In Matthew 4 and in other places in the New Testament we can find that Christ brought the gospel message–the good news. Let’s start in Matthew chapter 4, verse 23. As Christ began His ministry we are told: “And Jesus went about all Galilee, teaching in their synagogues, preaching the gospel of the kingdom, and healing all kinds of sickness and all kinds of disease among the people.”

Christ indeed brought the gospel. If you notice here, the gospel is connected to the kingdom of God. You hear that much less often than the gospel is the good news. The fact that it’s linked to the kingdom of God is a very important bit of information. They are connected. What is this kingdom of God? Where is it? What is it composed of?

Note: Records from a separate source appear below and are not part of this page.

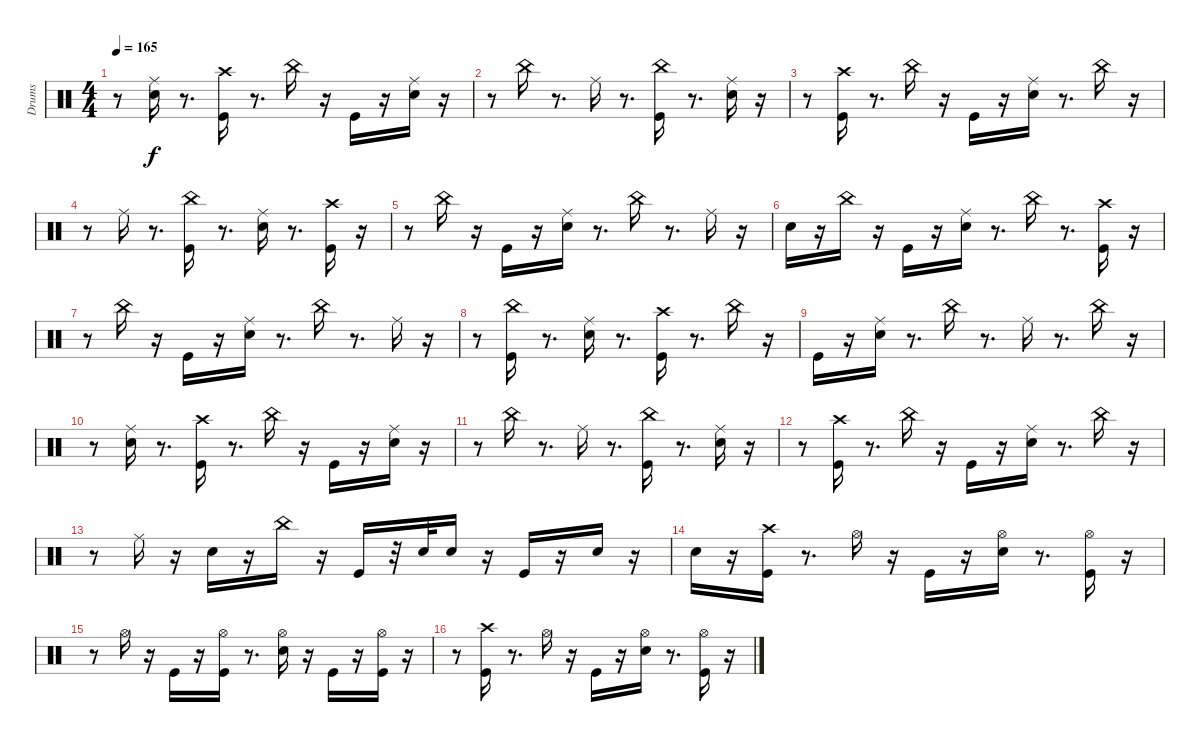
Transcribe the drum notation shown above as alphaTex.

\track ("Drums" "Drums") {instrument percussion}
\staff {score}
\articulation defaults
\ts (4 4)
\tempo 165
\clef neutral
\ks c
r.8{dy f} ("Electric Snare (hit)" "Ride (middle)").16 r.8{d} ("Kick (hit)" "Crash high (hit)").16 r.8{d} "China (hit)".16 r.16 "Kick (hit)".16 r.16 ("Electric Snare (hit)" "Ride (middle)").16 r.16 |
r.8 "China (hit)".16 r.8{d} "Ride (middle)".16 r.8{d} ("Kick (hit)" "China (hit)").16 r.8{d} ("Electric Snare (hit)" "Ride (middle)").16 r.16 |
r.8 ("Kick (hit)" "Crash high (hit)").16 r.8{d} "China (hit)".16 r.16 "Kick (hit)".16 r.16 ("Electric Snare (hit)" "Ride (middle)").16 r.8{d} "China (hit)".16 r.16 |
r.8 "Ride (middle)".16 r.8{d} ("Kick (hit)" "China (hit)").16 r.8{d} ("Electric Snare (hit)" "Ride (middle)").16 r.8{d} ("Kick (hit)" "Crash high (hit)").16 r.16 |
r.8 "China (hit)".16 r.16 "Kick (hit)".16 r.16 ("Electric Snare (hit)" "Ride (middle)").16 r.8{d} "China (hit)".16 r.8{d} "Ride (middle)".16 r.16 |
"Electric Snare (hit)".16 r.16 "China (hit)".16 r.16 "Kick (hit)".16 r.16 ("Electric Snare (hit)" "Ride (middle)").16 r.8{d} "China (hit)".16 r.8{d} ("Kick (hit)" "Crash high (hit)").16 r.16 |
r.8 "China (hit)".16 r.16 "Kick (hit)".16 r.16 ("Electric Snare (hit)" "Ride (middle)").16 r.8{d} "China (hit)".16 r.8{d} "Ride (middle)".16 r.16 |
r.8 ("Kick (hit)" "China (hit)").16 r.8{d} ("Electric Snare (hit)" "Ride (middle)").16 r.8{d} ("Kick (hit)" "Crash high (hit)").16 r.8{d} "China (hit)".16 r.16 |
"Kick (hit)".16 r.16 ("Electric Snare (hit)" "Ride (middle)").16 r.8{d} "China (hit)".16 r.8{d} "Ride (middle)".16 r.8{d} "China (hit)".16 r.16 |
r.8 ("Electric Snare (hit)" "Ride (middle)").16 r.8{d} ("Kick (hit)" "Crash high (hit)").16 r.8{d} "China (hit)".16 r.16 "Kick (hit)".16 r.16 ("Electric Snare (hit)" "Ride (middle)").16 r.16 |
r.8 "China (hit)".16 r.8{d} "Ride (middle)".16 r.8{d} ("Kick (hit)" "China (hit)").16 r.8{d} ("Electric Snare (hit)" "Ride (middle)").16 r.16 |
r.8 ("Kick (hit)" "Crash high (hit)").16 r.8{d} "China (hit)".16 r.16 "Kick (hit)".16 r.16 ("Electric Snare (hit)" "Ride (middle)").16 r.8{d} "China (hit)".16 r.16 |
r.8 "Ride (middle)".16 r.16 "Electric Snare (hit)".16 r.16 "China (hit)".16 r.16 "Kick (hit)".16 r.32 "Electric Snare (hit)".32 "Electric Snare (hit)".16 r.16 "Kick (hit)".16 r.16 "Electric Snare (hit)".16 r.16 |
"Electric Snare (hit)".16 r.16 ("Kick (hit)" "Crash high (hit)").16 r.8{d} "Hi-Hat (open)".16 r.16 "Kick (hit)".16 r.16 ("Electric Snare (hit)" "Hi-Hat (open)").16 r.8{d} ("Kick (hit)" "Hi-Hat (open)").16 r.16 |
r.8 "Hi-Hat (open)".16 r.16 "Kick (hit)".16 r.16 ("Kick (hit)" "Hi-Hat (open)").16 r.8{d} ("Electric Snare (hit)" "Hi-Hat (open)").16 r.16 "Kick (hit)".16 r.16 ("Kick (hit)" "Hi-Hat (open)").16 r.16 |
r.8 ("Kick (hit)" "Crash high (hit)").16 r.8{d} "Hi-Hat (open)".16 r.16 "Kick (hit)".16 r.16 ("Electric Snare (hit)" "Hi-Hat (open)").16 r.8{d} ("Kick (hit)" "Hi-Hat (open)").16 r.16
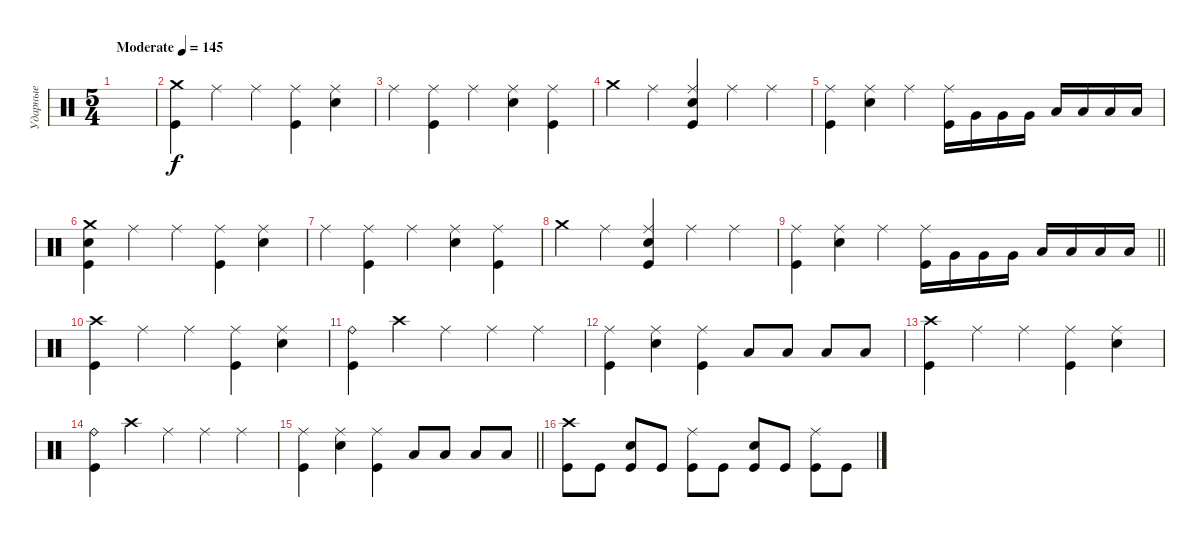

It is hard to put your finger on the kingdom of God, and I think that’s why a lot of people just don’t talk about it. It’s one thing to say Christ brought good news, salvation, and that our sins could be wiped away. The kingdom of God is sort of a nebulous thing. It is surrounded in mystery, and the Scriptures tell us that.

If you go to Matthew chapter 13, beginning in verse 10 we read: “And the disciples came and said to Him, ‘Why do You speak to them in parables?’ He answered and said to them, ‘Because it has been given to you to know the mysteries of the kingdom of heaven, but to them it has not been given.’”

Christ Himself says the gospel of the kingdom is surrounded and shrouded in mystery. Go to Mark chapter 4.

Mark chapter 4, verse 10: “But when He was alone, those around Him with the twelve asked Him about the parable. And He said to them, ‘To you it has been given to know the mystery of the kingdom of God; but to those who are outside, all things come in parables, so that “Seeing they may see and not perceive, and hearing they may hear and not understand; lest they should turn, and their sins be forgiven them.”’”

The good news of course is that sins can be forgiven. That is wonderful and will apply to all mankind eventually. But Christ said this is a mystery that I want you to understand. I don’t want everyone to understand the gospel of the kingdom just yet. Yet the gospel really is good news. It is good news about the kingdom of God. Why would Christ want to hide or obscure good news, any portion of it? There had to be a good reason.

At this time we probably can’t know all the answers to that question. It may take Christ’s return when we can physically ask Christ to explain it. However much can be learned from the Bible about the good news with Christ’s help.

The Bible is good news for everyone certainly, but there are certain aspects that are taught to mankind in a specific chronological order. All knowledge spreads and grows by being disseminated. It requires a teacher. It requires someone. It doesn’t matter if it’s physics, chemistry, or whatever, you learn from someone who teaches you. That means the knowledge itself is disseminated, and it travels from person to person. But it has to start somewhere.

Many scientists talk about Einstein’s Theory of Relativity today, but it took one person to be inspired or come up with the formula E=mc2, so they could start discussing the subject. It is the same thing with Edison and the lightbulb. We have lights everywhere now. People are inventing new forms of light because of the initial invention from Edison. It’s always that way. The knowledge starts with somebody who was the first to see it or discern it, and then it’s disseminated around the world.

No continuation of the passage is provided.